After the utmost attention which I have been able to pay to the questions, respecting the northwestern territory, which you did me the honor of submitting to my consideration there is a difficulty in giving a decisive answer. I can find no grounds, or principles for a very confident decision in, or out of the ordinance for the establishment of that Government. Nothing can be collected to aid the enquiry, from the acts by which similar Governments in other territories have been established, or from the journals of the proceedings of the assembly and the Governor of this territory, altho some of these very questions have been the subjects of zealous debate—
The territory is, as yet, considered to be under what is called its temporary Government by the ordinance. That expressly provides that all majestrates and other civil officers, shall during the continuance of the temporary Government, be appointed by the Governor, unless otherwise therein directed. It also ordained that there should be a court appointed, to consist of three judges, who should have a common law jurisdiction and reside in the district, and, expressly, that Congress should appoint the Governor, the Secretary, and all military general officers. In the 12th paragraph of the ordinance, it is said the Governor, judges, legeslative council secretary and such other officers as Congress shall appoint, in the district, shall take an oath &c—In the direction for taking the oath of office there is a strong implication of the right of Congress or, rather, of the President to appoint these three judges, and I am informed, this has been the practice. Independent of this practice,1 upon the mere construction of the ordinance, I should have hesitated in deciding against the right of the Governor to have made even these appointments. The authority of making appointments is, expressly, given to the Governor in all cases, in which it is not otherwise directed, and express positive provisions are not usually abridged by implications. As this implication does not necessarily extend beyond the three judges before named, I am inclined to think the Governor is justified by the ordinance in his appointment of all other judges & officers—
It is provided, by the 7th paragraph of the ordinance that the Governor, previous to the organization of the General assembly, shall appoint such majestrates, and other civil officers in each County and township as he shall find necessary for the preservation of the peace, and good order in the same; and that after the general assembly shall be organized, the powers and duties of majestrates, and other civil officers, shall be regulated and defined by the assembly. After the formation of the general assembly, they, are to determine what powers & duties are necessary to be exercised in existing counties & townships, & to define & regulate the same, for the preservation of peace & good order, This seems to involve the necessity of their determining what description of2 majestrates & officers should possess these powers & discharge those duties. They having done this, the Governor is to make the appointments. The Provision in this paragraph appears to me to amount to this, that before the general assembly was organized the Govr. was to appoint such officers as he might judge to be necessary, afterwards, such as the legislature should judge to be necessary.—
The 8th paragraph of the ordinance provides, that for the prevention of crimes, the laws to be adopted or made shall have force in all parts of the district. And for the execution of processes civil and criminal, that the Governor shall make proper divisions, and from time to time, as circumstances should require, lay out such parts of the district, in which the indian title shall have been extinguished, into Counties and townships, subject however to such alterations as may, thereafter, be made by the legislature. The Authority which the ordinance gives to the legislature is, in general terms, to make laws in all cases for the good government of the district, not repugnant to the principles and articles of the ordinance.

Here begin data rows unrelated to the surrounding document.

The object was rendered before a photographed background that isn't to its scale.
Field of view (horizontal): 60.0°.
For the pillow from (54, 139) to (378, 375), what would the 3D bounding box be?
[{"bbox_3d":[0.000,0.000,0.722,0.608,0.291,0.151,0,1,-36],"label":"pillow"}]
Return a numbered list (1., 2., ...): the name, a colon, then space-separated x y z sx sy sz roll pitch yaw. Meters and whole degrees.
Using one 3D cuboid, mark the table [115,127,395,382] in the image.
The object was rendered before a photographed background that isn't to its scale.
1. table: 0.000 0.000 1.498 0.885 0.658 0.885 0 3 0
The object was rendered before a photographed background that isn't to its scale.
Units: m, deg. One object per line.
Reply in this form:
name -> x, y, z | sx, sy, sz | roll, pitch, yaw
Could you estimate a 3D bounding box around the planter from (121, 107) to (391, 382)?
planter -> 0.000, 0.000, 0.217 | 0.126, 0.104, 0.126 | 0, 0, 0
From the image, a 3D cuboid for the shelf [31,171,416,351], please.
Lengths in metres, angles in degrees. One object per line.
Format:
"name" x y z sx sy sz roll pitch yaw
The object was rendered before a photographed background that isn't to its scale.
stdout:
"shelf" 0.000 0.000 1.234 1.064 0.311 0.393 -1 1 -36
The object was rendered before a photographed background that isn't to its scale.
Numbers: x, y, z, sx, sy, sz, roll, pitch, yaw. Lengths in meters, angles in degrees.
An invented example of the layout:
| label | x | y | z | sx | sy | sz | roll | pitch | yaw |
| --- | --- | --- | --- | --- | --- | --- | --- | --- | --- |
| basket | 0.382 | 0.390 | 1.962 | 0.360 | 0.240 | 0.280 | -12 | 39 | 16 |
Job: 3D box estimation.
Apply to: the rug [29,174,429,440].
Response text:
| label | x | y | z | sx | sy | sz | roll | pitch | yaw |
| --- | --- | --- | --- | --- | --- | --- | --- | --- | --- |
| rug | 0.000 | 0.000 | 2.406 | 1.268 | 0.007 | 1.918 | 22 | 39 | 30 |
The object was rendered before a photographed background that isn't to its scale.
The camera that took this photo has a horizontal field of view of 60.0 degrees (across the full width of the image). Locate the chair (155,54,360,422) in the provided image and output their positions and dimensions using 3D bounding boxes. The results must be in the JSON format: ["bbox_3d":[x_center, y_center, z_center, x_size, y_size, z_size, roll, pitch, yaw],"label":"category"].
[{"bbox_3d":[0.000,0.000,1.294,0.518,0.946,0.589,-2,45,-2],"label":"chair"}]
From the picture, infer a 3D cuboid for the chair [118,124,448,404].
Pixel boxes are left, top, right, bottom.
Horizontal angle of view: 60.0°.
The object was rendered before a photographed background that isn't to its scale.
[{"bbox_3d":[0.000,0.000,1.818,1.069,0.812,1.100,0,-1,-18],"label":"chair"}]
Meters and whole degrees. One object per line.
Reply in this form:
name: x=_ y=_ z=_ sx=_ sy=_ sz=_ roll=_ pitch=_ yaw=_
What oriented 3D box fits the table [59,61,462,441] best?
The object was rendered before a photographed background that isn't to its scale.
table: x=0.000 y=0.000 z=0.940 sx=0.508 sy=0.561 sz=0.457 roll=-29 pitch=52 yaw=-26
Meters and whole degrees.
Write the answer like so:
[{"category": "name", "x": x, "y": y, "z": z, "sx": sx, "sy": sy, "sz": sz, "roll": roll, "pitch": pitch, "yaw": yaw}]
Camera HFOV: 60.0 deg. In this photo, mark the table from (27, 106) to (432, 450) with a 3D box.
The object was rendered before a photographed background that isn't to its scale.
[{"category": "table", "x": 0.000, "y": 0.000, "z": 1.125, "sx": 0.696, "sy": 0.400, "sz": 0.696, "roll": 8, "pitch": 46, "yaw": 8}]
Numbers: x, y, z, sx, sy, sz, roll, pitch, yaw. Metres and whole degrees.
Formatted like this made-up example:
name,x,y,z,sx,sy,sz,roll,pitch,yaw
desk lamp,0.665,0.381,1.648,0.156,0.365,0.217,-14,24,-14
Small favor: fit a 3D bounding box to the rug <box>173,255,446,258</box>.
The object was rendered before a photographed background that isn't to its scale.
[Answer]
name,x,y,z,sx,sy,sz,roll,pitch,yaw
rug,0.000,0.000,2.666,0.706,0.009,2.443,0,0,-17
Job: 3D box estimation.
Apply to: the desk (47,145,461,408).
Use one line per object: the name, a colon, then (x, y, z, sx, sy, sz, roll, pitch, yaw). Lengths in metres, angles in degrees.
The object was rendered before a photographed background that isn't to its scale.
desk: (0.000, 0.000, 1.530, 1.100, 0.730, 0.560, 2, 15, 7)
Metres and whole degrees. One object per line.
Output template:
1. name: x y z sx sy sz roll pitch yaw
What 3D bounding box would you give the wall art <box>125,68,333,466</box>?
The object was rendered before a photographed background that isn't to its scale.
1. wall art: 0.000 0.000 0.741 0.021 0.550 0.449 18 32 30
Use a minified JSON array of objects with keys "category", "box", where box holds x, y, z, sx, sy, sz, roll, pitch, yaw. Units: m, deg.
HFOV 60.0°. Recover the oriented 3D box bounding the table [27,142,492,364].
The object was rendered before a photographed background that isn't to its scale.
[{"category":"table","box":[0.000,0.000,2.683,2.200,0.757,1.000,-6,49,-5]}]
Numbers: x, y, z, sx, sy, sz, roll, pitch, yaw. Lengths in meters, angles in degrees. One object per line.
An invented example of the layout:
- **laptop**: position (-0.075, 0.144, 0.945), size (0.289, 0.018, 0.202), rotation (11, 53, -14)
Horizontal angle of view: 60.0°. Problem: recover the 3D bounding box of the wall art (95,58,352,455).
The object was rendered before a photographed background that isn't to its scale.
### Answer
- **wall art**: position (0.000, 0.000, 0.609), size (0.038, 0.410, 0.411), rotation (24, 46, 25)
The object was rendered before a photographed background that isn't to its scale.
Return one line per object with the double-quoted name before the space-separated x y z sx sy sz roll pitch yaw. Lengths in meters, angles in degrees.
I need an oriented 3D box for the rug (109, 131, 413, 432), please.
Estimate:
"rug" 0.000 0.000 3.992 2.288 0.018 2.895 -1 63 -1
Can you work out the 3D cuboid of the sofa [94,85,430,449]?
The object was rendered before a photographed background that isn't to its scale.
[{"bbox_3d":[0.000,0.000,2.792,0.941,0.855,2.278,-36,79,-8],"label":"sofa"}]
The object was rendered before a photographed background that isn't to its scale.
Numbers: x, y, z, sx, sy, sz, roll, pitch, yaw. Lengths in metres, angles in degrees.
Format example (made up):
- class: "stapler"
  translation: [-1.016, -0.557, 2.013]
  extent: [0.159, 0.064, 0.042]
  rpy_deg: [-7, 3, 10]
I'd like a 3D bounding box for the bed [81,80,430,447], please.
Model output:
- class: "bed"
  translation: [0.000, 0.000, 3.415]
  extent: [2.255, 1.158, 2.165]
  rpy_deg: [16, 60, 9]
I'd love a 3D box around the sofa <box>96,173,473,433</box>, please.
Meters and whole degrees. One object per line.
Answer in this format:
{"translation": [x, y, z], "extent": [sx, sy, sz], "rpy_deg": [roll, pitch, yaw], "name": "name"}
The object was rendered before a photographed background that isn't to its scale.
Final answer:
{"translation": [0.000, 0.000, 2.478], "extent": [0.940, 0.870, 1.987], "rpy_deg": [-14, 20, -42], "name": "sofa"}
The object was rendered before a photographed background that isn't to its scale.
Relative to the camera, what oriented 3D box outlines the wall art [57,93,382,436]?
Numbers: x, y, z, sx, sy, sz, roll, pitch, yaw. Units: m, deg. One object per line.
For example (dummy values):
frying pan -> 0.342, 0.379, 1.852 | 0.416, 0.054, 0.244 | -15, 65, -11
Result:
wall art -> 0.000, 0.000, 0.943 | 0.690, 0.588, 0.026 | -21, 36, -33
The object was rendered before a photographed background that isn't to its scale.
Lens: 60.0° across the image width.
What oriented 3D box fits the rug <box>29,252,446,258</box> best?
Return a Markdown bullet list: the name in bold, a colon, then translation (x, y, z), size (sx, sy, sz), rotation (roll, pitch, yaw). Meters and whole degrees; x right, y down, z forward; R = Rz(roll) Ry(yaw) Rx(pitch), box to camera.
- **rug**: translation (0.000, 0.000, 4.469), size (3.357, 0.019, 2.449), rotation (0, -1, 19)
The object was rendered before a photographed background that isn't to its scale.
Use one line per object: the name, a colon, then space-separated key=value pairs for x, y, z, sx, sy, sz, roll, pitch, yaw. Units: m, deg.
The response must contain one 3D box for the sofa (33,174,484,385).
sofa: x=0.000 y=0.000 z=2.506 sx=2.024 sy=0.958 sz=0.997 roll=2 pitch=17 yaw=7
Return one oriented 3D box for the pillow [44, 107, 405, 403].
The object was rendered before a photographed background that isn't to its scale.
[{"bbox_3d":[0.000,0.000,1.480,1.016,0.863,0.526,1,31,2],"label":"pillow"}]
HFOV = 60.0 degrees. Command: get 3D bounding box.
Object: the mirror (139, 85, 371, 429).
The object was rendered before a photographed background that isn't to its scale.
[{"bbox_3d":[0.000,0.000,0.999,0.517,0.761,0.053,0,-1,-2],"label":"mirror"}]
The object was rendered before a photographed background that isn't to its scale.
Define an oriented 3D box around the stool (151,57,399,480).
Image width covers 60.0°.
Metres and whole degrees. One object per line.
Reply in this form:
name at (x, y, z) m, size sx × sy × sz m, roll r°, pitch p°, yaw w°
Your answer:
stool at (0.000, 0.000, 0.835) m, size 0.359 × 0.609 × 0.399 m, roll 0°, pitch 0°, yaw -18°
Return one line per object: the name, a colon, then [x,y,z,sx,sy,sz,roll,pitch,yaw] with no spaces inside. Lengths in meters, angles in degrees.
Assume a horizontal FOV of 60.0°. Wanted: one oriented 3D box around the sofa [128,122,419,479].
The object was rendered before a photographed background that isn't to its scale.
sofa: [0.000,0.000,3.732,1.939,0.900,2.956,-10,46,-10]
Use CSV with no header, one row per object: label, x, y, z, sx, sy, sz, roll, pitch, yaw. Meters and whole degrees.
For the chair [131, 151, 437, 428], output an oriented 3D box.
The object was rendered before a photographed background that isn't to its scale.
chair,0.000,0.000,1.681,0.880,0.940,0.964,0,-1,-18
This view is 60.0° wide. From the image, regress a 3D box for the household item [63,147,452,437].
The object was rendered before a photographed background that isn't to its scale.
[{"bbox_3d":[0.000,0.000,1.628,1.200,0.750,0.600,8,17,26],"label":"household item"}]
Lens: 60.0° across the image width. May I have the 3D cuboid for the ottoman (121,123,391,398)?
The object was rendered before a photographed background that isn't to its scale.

The laying out of Counties and towns are usually considered as legislative acts, and in the present instances must be considered as appertaining to the legislature, unless, by a proper construction of the ordinance, it is secured to the Governor—It being once confessedly vested in him, & by general terms implying no limitation in point of time, the authority must be considered as still remaining with him, unless it is taken away, expressly, or by some strong implication, or by some unforeseen change of the subject matter, upon which, or of the circumstances under which the power is exercised—The civil and criminal processes, the Execution of which, were to be the means of preventing crimes and injuries, and which were to be effectuated by a division of the described parts of the district into counties & townships, are, recognized by the 9th paragraph of the ordinance to be such as should originate under made, as well as, under adopted laws, and if so it implys a power in the Governor to lay out counties & towns after the Genl assembly were sufficiently organized for the making of laws. This construction of the 8th paragraph is in some degree confirmed by the express limitations of the Governor’s power contained in the 5th & 7th—as there was the same reason for being explicit in the first, as in the two last, if the same thing was intended—It, to my mind, appears to be further confirmed by an express power being given to the legislature to alter such townships and counties as shall have been laid out. On the idea, of the authority to lay out Counties, being vested in the Governor, after the formation of a legislature, this was necessary, otherwise not.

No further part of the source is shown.